Reinforcements: Use toys in a support role. Choose the right one that requires no uncomfortable positioning. Or use it to kick off foreplay with a little vibration, and then let your fingers join in. Because fingers, of course, are the ultimate digital stimulation.
5 DON’T LET SEX SMOLDER ON THE BACK BURNER
After a few years (and maybe a few children), finding the time to get naked together may become a big challenge. “We live in a culture that deprioritises sex,” says Bay Area psychologist Liz Powell, Psy.D.
The Strategy: Use the decidedly boring Google calendar to schedule sexy time, Powell suggests. Send her an invite for, say, Thursday at 10 p.m. Set the mood early in the day with a sext, or send her an erotic story from literotica.com. In the bedroom, try listening to erotic podcasts of hot stories, taking inspiration from the characters’ actions. Or use the stories as a soundtrack–candles and wine can’t hurt, either.
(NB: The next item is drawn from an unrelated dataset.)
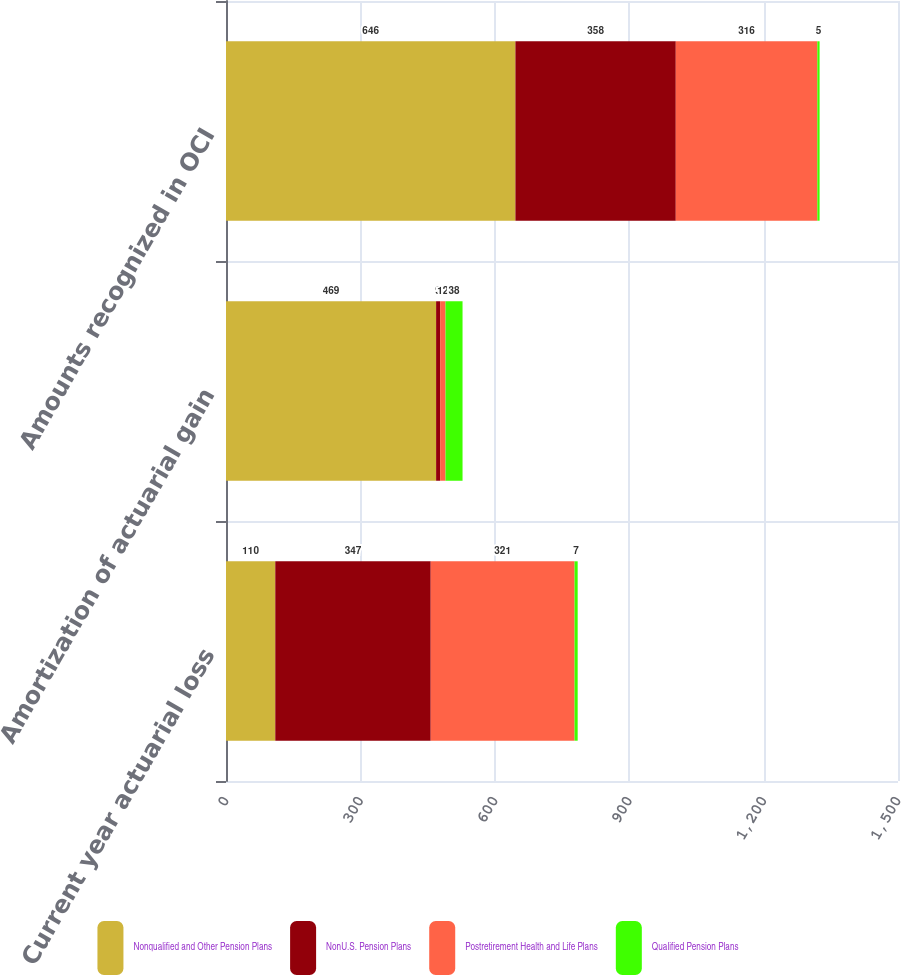Convert chart to OTSL. <chart><loc_0><loc_0><loc_500><loc_500><stacked_bar_chart><ecel><fcel>Current year actuarial loss<fcel>Amortization of actuarial gain<fcel>Amounts recognized in OCI<nl><fcel>Nonqualified and Other Pension Plans<fcel>110<fcel>469<fcel>646<nl><fcel>NonU.S. Pension Plans<fcel>347<fcel>9<fcel>358<nl><fcel>Postretirement Health and Life Plans<fcel>321<fcel>12<fcel>316<nl><fcel>Qualified Pension Plans<fcel>7<fcel>38<fcel>5<nl></chart>

6 REALISE YOU CAN ALWAYS LEARN MORE
Think you know it all? You’re probably missing out. “Most of us have pretty abysmal sex education histories,” Powell says. “There are always new ideas and new approaches.”
Advanced Training: There are websites out there that offer videos and livestreams, respectively, from sex educators tackling topics like massage and the basics of blindfolds. Instead of Netflix and chill, try sex ed and chill. Set aside a night to explore; if you see something you want to do or get your mate’s opinion on, pause the video for a discussion–or a trial run.
Names in this article have been changed to protect the privacy of the individuals.
A version of this article was published in the May 2018 issue of Men’s Health Singapore.